**Work instructions**. With both ends included, repeat exactly the lines of the entries below from the one containing "Your answer should be compact. 1.16e+08." down to the one containing "Your answer should be compact. 0.01.", and no others.

== Segment start ==

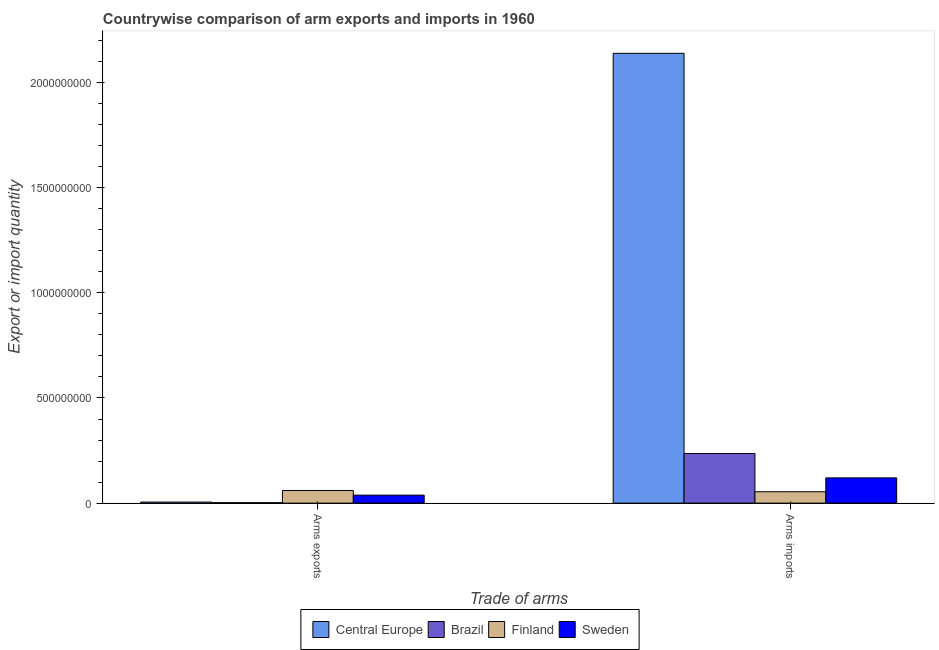How many different coloured bars are there?
Offer a terse response. 4. How many groups of bars are there?
Provide a succinct answer. 2. Are the number of bars per tick equal to the number of legend labels?
Your response must be concise. Yes. Are the number of bars on each tick of the X-axis equal?
Offer a very short reply. Yes. What is the label of the 2nd group of bars from the left?
Offer a terse response. Arms imports. What is the arms exports in Central Europe?
Your answer should be very brief. 5.00e+06. Across all countries, what is the maximum arms imports?
Keep it short and to the point. 2.14e+09. Across all countries, what is the minimum arms exports?
Your answer should be very brief. 2.00e+06. In which country was the arms imports maximum?
Ensure brevity in your answer.  Central Europe. What is the total arms exports in the graph?
Offer a terse response. 1.05e+08. What is the difference between the arms exports in Central Europe and that in Brazil?
Ensure brevity in your answer.  3.00e+06. What is the difference between the arms imports in Brazil and the arms exports in Finland?
Offer a terse response. 1.76e+08. What is the average arms imports per country?
Offer a very short reply. 6.37e+08. What is the difference between the arms exports and arms imports in Finland?
Provide a succinct answer. 6.00e+06. In how many countries, is the arms imports greater than 200000000 ?
Your response must be concise. 2. What is the ratio of the arms imports in Brazil to that in Central Europe?
Your answer should be very brief. 0.11. Is the arms exports in Sweden less than that in Finland?
Give a very brief answer. Yes. What does the 2nd bar from the right in Arms imports represents?
Ensure brevity in your answer.  Finland. How many bars are there?
Ensure brevity in your answer.  8. Are the values on the major ticks of Y-axis written in scientific E-notation?
Your answer should be very brief. No. Does the graph contain any zero values?
Keep it short and to the point. No. Does the graph contain grids?
Your answer should be compact. No. Where does the legend appear in the graph?
Your answer should be compact. Bottom center. What is the title of the graph?
Your response must be concise. Countrywise comparison of arm exports and imports in 1960. Does "Finland" appear as one of the legend labels in the graph?
Offer a very short reply. Yes. What is the label or title of the X-axis?
Make the answer very short. Trade of arms. What is the label or title of the Y-axis?
Your response must be concise. Export or import quantity. What is the Export or import quantity in Central Europe in Arms exports?
Give a very brief answer. 5.00e+06. What is the Export or import quantity of Brazil in Arms exports?
Provide a succinct answer. 2.00e+06. What is the Export or import quantity in Finland in Arms exports?
Offer a terse response. 6.00e+07. What is the Export or import quantity in Sweden in Arms exports?
Your answer should be very brief. 3.80e+07. What is the Export or import quantity in Central Europe in Arms imports?
Offer a terse response. 2.14e+09. What is the Export or import quantity of Brazil in Arms imports?
Your answer should be compact. 2.36e+08. What is the Export or import quantity in Finland in Arms imports?
Your response must be concise. 5.40e+07. What is the Export or import quantity in Sweden in Arms imports?
Provide a short and direct response. 1.20e+08. Across all Trade of arms, what is the maximum Export or import quantity of Central Europe?
Your response must be concise. 2.14e+09. Across all Trade of arms, what is the maximum Export or import quantity in Brazil?
Provide a short and direct response. 2.36e+08. Across all Trade of arms, what is the maximum Export or import quantity in Finland?
Your answer should be very brief. 6.00e+07. Across all Trade of arms, what is the maximum Export or import quantity of Sweden?
Make the answer very short. 1.20e+08. Across all Trade of arms, what is the minimum Export or import quantity of Central Europe?
Your answer should be very brief. 5.00e+06. Across all Trade of arms, what is the minimum Export or import quantity of Finland?
Make the answer very short. 5.40e+07. Across all Trade of arms, what is the minimum Export or import quantity of Sweden?
Keep it short and to the point. 3.80e+07. What is the total Export or import quantity of Central Europe in the graph?
Provide a succinct answer. 2.14e+09. What is the total Export or import quantity of Brazil in the graph?
Provide a succinct answer. 2.38e+08. What is the total Export or import quantity of Finland in the graph?
Your response must be concise. 1.14e+08. What is the total Export or import quantity in Sweden in the graph?
Your answer should be compact. 1.58e+08. What is the difference between the Export or import quantity of Central Europe in Arms exports and that in Arms imports?
Your answer should be very brief. -2.13e+09. What is the difference between the Export or import quantity in Brazil in Arms exports and that in Arms imports?
Offer a terse response. -2.34e+08. What is the difference between the Export or import quantity of Sweden in Arms exports and that in Arms imports?
Provide a succinct answer. -8.20e+07. What is the difference between the Export or import quantity of Central Europe in Arms exports and the Export or import quantity of Brazil in Arms imports?
Your response must be concise. -2.31e+08. What is the difference between the Export or import quantity of Central Europe in Arms exports and the Export or import quantity of Finland in Arms imports?
Your answer should be compact. -4.90e+07. What is the difference between the Export or import quantity of Central Europe in Arms exports and the Export or import quantity of Sweden in Arms imports?
Give a very brief answer. -1.15e+08. What is the difference between the Export or import quantity in Brazil in Arms exports and the Export or import quantity in Finland in Arms imports?
Your response must be concise. -5.20e+07. What is the difference between the Export or import quantity in Brazil in Arms exports and the Export or import quantity in Sweden in Arms imports?
Make the answer very short. -1.18e+08. What is the difference between the Export or import quantity of Finland in Arms exports and the Export or import quantity of Sweden in Arms imports?
Provide a succinct answer. -6.00e+07. What is the average Export or import quantity in Central Europe per Trade of arms?
Your response must be concise. 1.07e+09. What is the average Export or import quantity in Brazil per Trade of arms?
Give a very brief answer. 1.19e+08. What is the average Export or import quantity of Finland per Trade of arms?
Give a very brief answer. 5.70e+07. What is the average Export or import quantity in Sweden per Trade of arms?
Give a very brief answer. 7.90e+07. What is the difference between the Export or import quantity of Central Europe and Export or import quantity of Brazil in Arms exports?
Your response must be concise. 3.00e+06. What is the difference between the Export or import quantity in Central Europe and Export or import quantity in Finland in Arms exports?
Offer a terse response. -5.50e+07. What is the difference between the Export or import quantity in Central Europe and Export or import quantity in Sweden in Arms exports?
Your response must be concise. -3.30e+07. What is the difference between the Export or import quantity in Brazil and Export or import quantity in Finland in Arms exports?
Keep it short and to the point. -5.80e+07. What is the difference between the Export or import quantity in Brazil and Export or import quantity in Sweden in Arms exports?
Keep it short and to the point. -3.60e+07. What is the difference between the Export or import quantity in Finland and Export or import quantity in Sweden in Arms exports?
Give a very brief answer. 2.20e+07. What is the difference between the Export or import quantity in Central Europe and Export or import quantity in Brazil in Arms imports?
Your answer should be very brief. 1.90e+09. What is the difference between the Export or import quantity of Central Europe and Export or import quantity of Finland in Arms imports?
Offer a terse response. 2.08e+09. What is the difference between the Export or import quantity of Central Europe and Export or import quantity of Sweden in Arms imports?
Provide a short and direct response. 2.02e+09. What is the difference between the Export or import quantity in Brazil and Export or import quantity in Finland in Arms imports?
Offer a terse response. 1.82e+08. What is the difference between the Export or import quantity in Brazil and Export or import quantity in Sweden in Arms imports?
Your answer should be compact. 1.16e+08. What is the difference between the Export or import quantity of Finland and Export or import quantity of Sweden in Arms imports?
Keep it short and to the point. -6.60e+07. What is the ratio of the Export or import quantity of Central Europe in Arms exports to that in Arms imports?
Offer a terse response. 0. What is the ratio of the Export or import quantity of Brazil in Arms exports to that in Arms imports?
Your answer should be compact. 0.01. What is the ratio of the Export or import quantity of Sweden in Arms exports to that in Arms imports?
Give a very brief answer. 0.32. What is the difference between the highest and the second highest Export or import quantity of Central Europe?
Your answer should be very brief. 2.13e+09. What is the difference between the highest and the second highest Export or import quantity in Brazil?
Provide a short and direct response. 2.34e+08. What is the difference between the highest and the second highest Export or import quantity of Finland?
Give a very brief answer. 6.00e+06. What is the difference between the highest and the second highest Export or import quantity in Sweden?
Give a very brief answer. 8.20e+07. What is the difference between the highest and the lowest Export or import quantity of Central Europe?
Your response must be concise. 2.13e+09. What is the difference between the highest and the lowest Export or import quantity in Brazil?
Provide a succinct answer. 2.34e+08. What is the difference between the highest and the lowest Export or import quantity of Sweden?
Give a very brief answer. 8.20e+07.

== Segment end ==

**Finished exercise**.
Your answer should be compact. 1.16e+08. What is the difference between the Export or import quantity of Finland and Export or import quantity of Sweden in Arms imports?
Keep it short and to the point. -6.60e+07. What is the ratio of the Export or import quantity of Central Europe in Arms exports to that in Arms imports?
Offer a terse response. 0. What is the ratio of the Export or import quantity of Brazil in Arms exports to that in Arms imports?
Your answer should be compact. 0.01. What is the ratio of the Export or import quantity of Sweden in Arms exports to that in Arms imports?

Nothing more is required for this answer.